• [ABOUT THIS EXERCISE]: Repetition must be exact and must stop with the line bearing "Click on the". It begins at the first line of the records and includes no pictures.

==*==

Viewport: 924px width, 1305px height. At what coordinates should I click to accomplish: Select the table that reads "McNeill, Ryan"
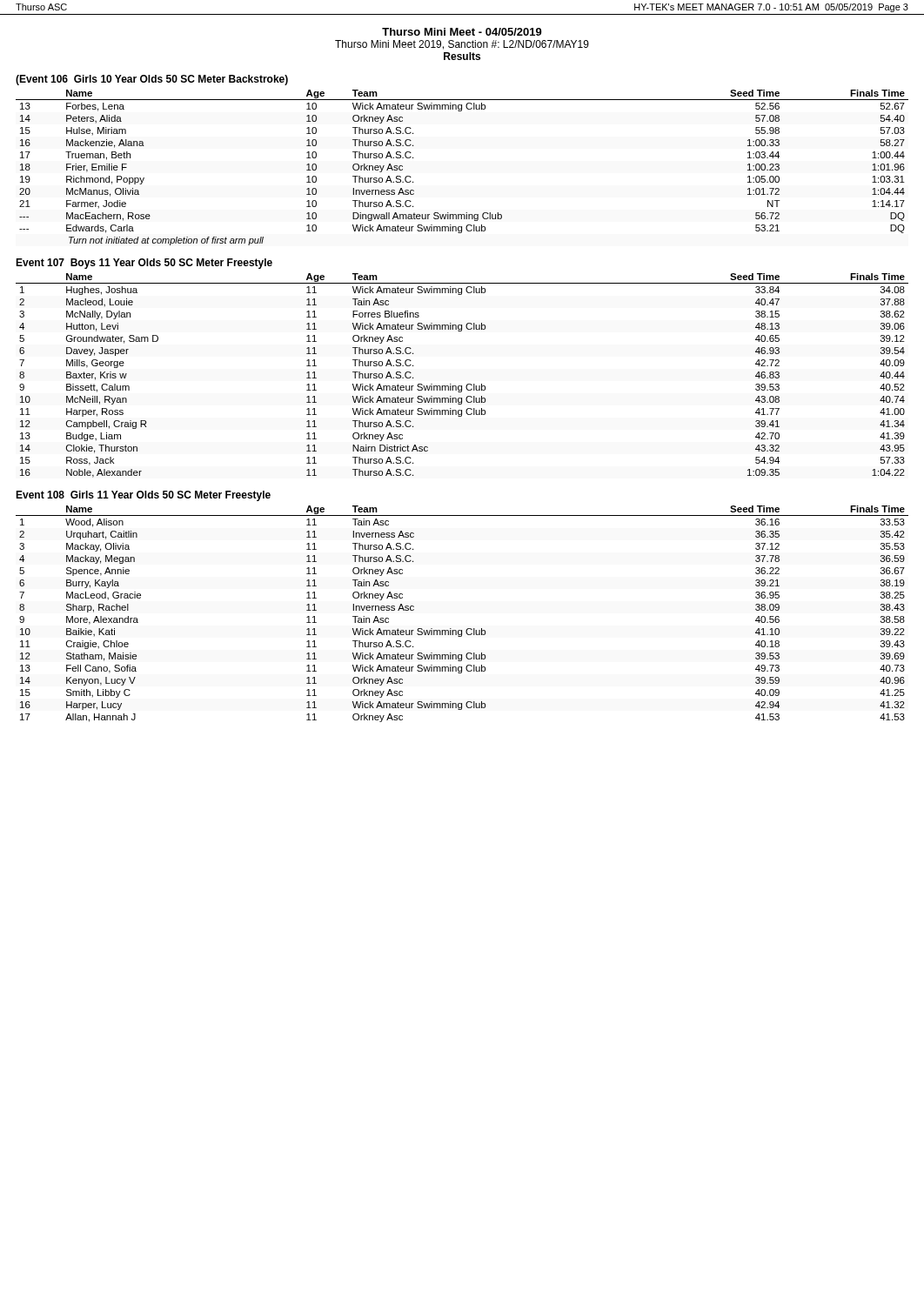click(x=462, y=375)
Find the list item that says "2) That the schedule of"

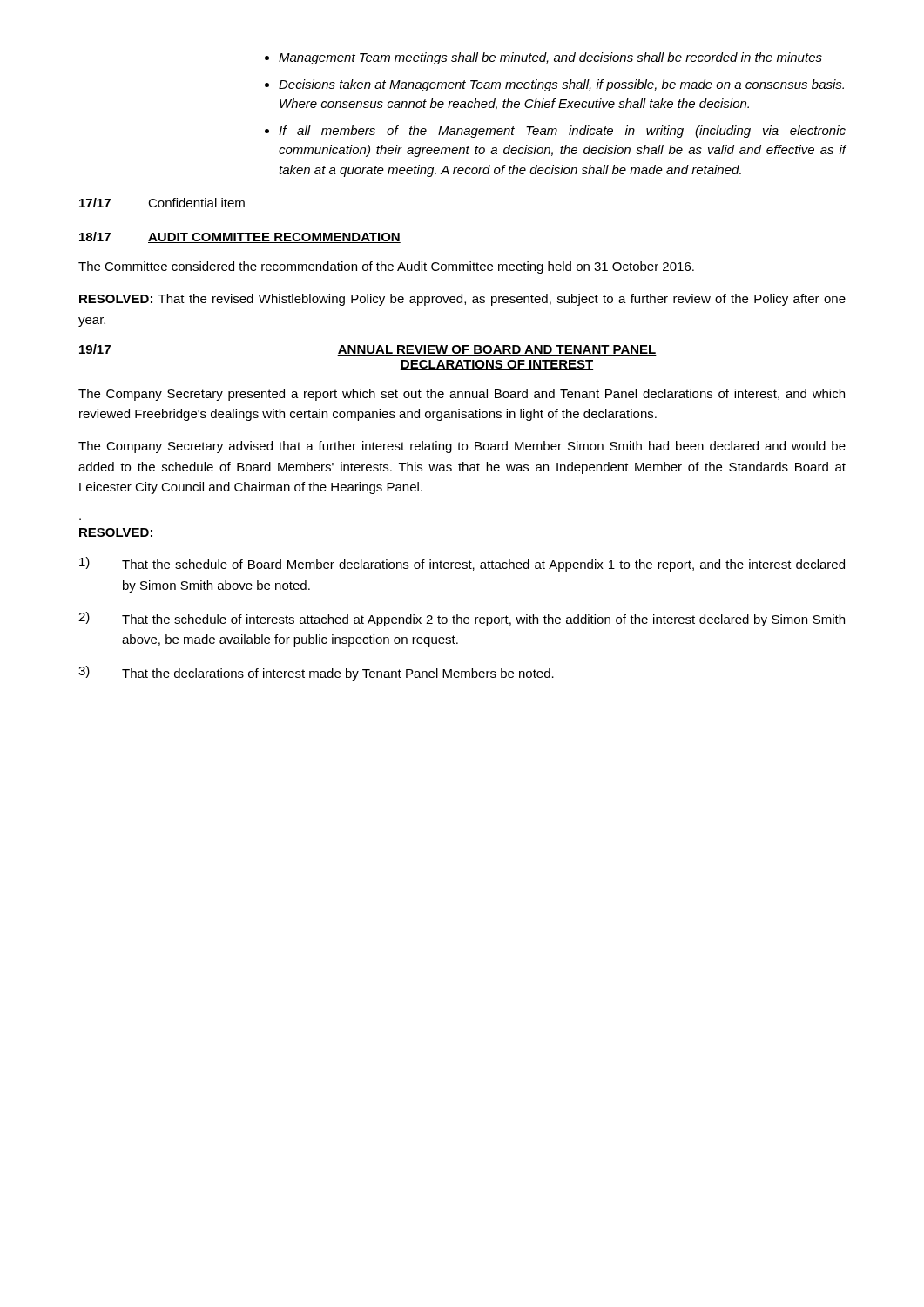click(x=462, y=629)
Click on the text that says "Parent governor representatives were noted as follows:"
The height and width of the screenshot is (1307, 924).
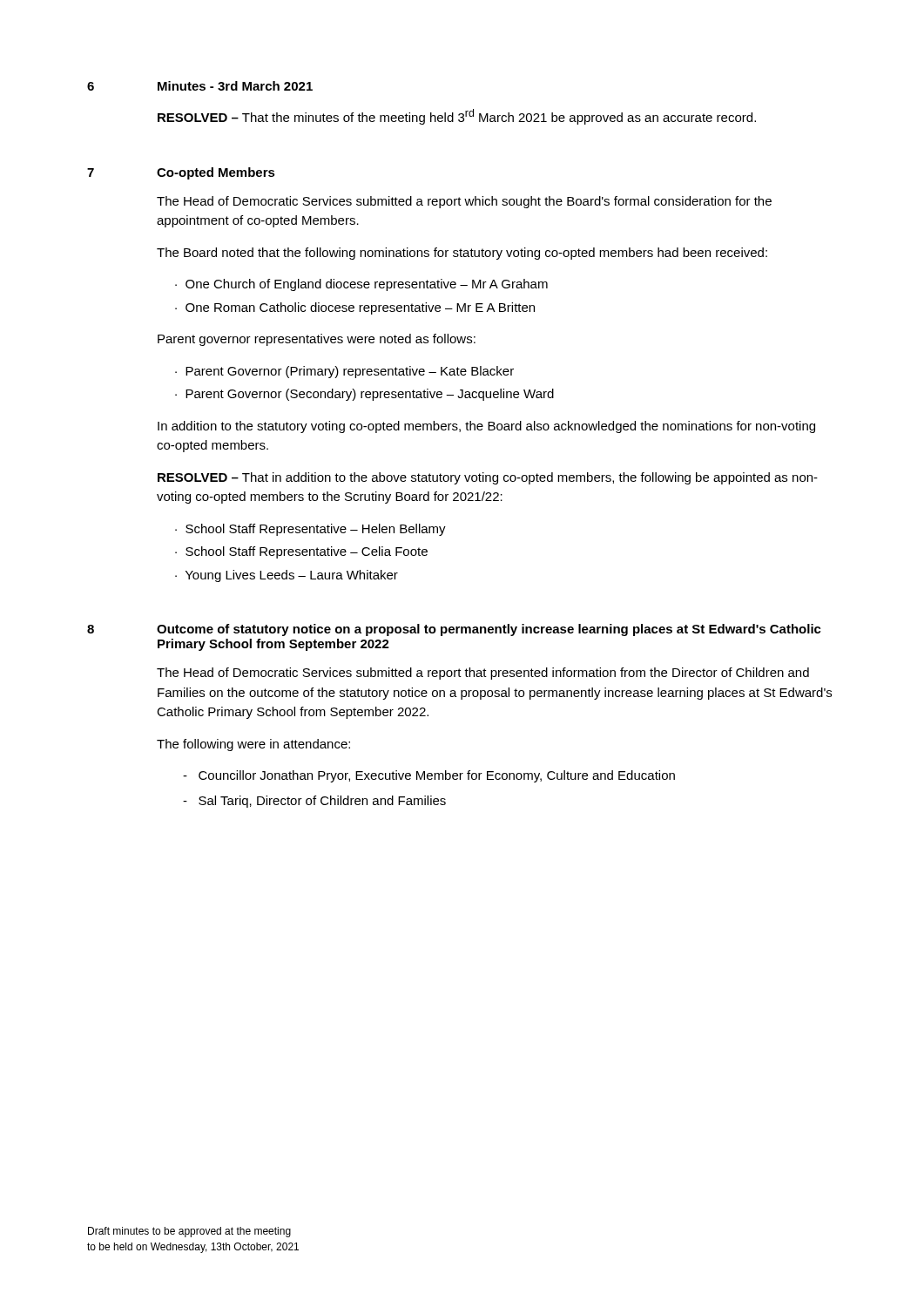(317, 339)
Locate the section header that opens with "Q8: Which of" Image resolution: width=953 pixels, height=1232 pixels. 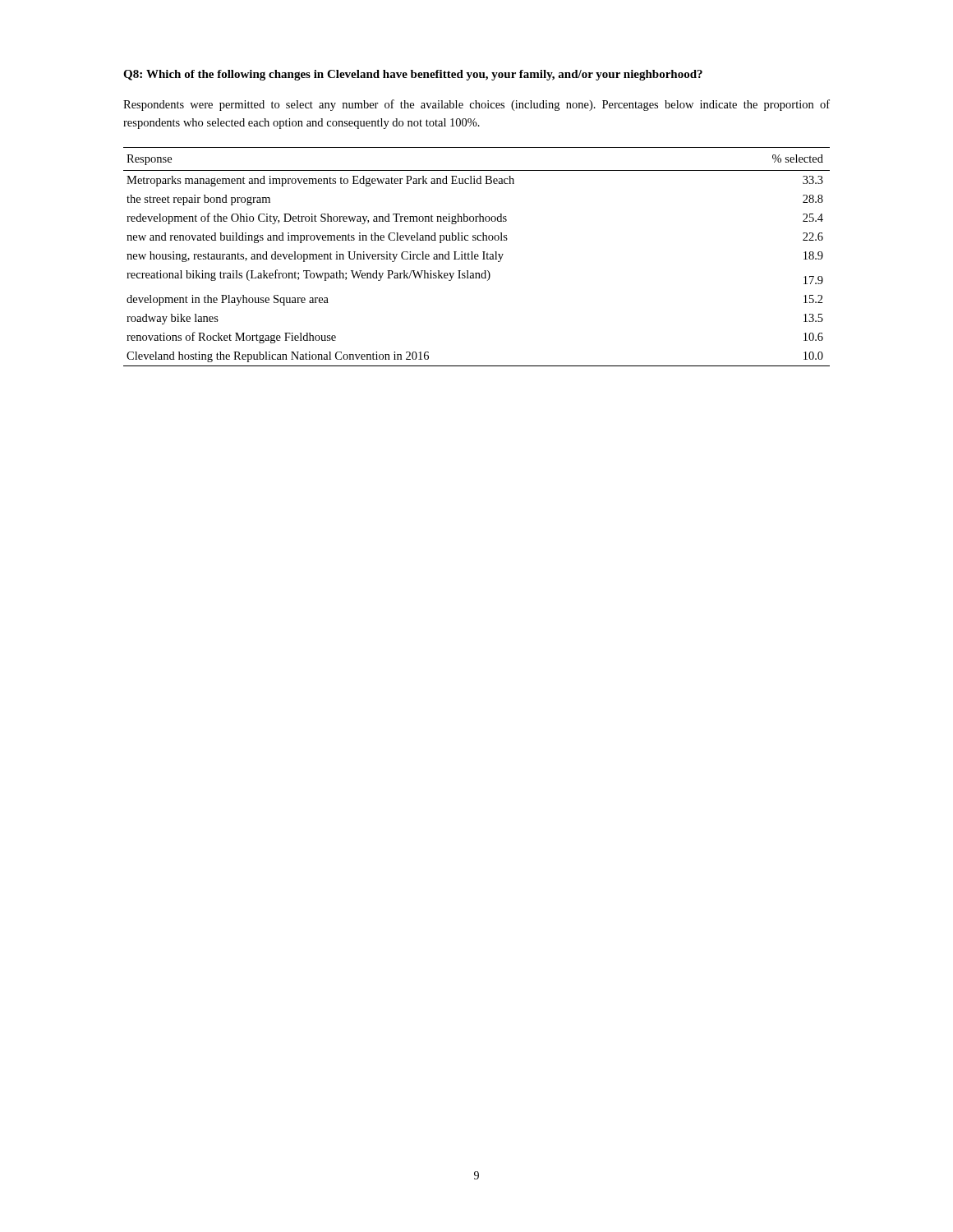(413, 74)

==*==

• [WRITTEN SOLUTION]:
Viewport: 924px width, 1305px height. At what coordinates should I click to accomplish: Select the table that reads "McNeill, Ryan"
click(x=462, y=375)
Find the list item that says "2) That the schedule of"

click(x=462, y=629)
Click on the text that says "Parent governor representatives were noted as follows:"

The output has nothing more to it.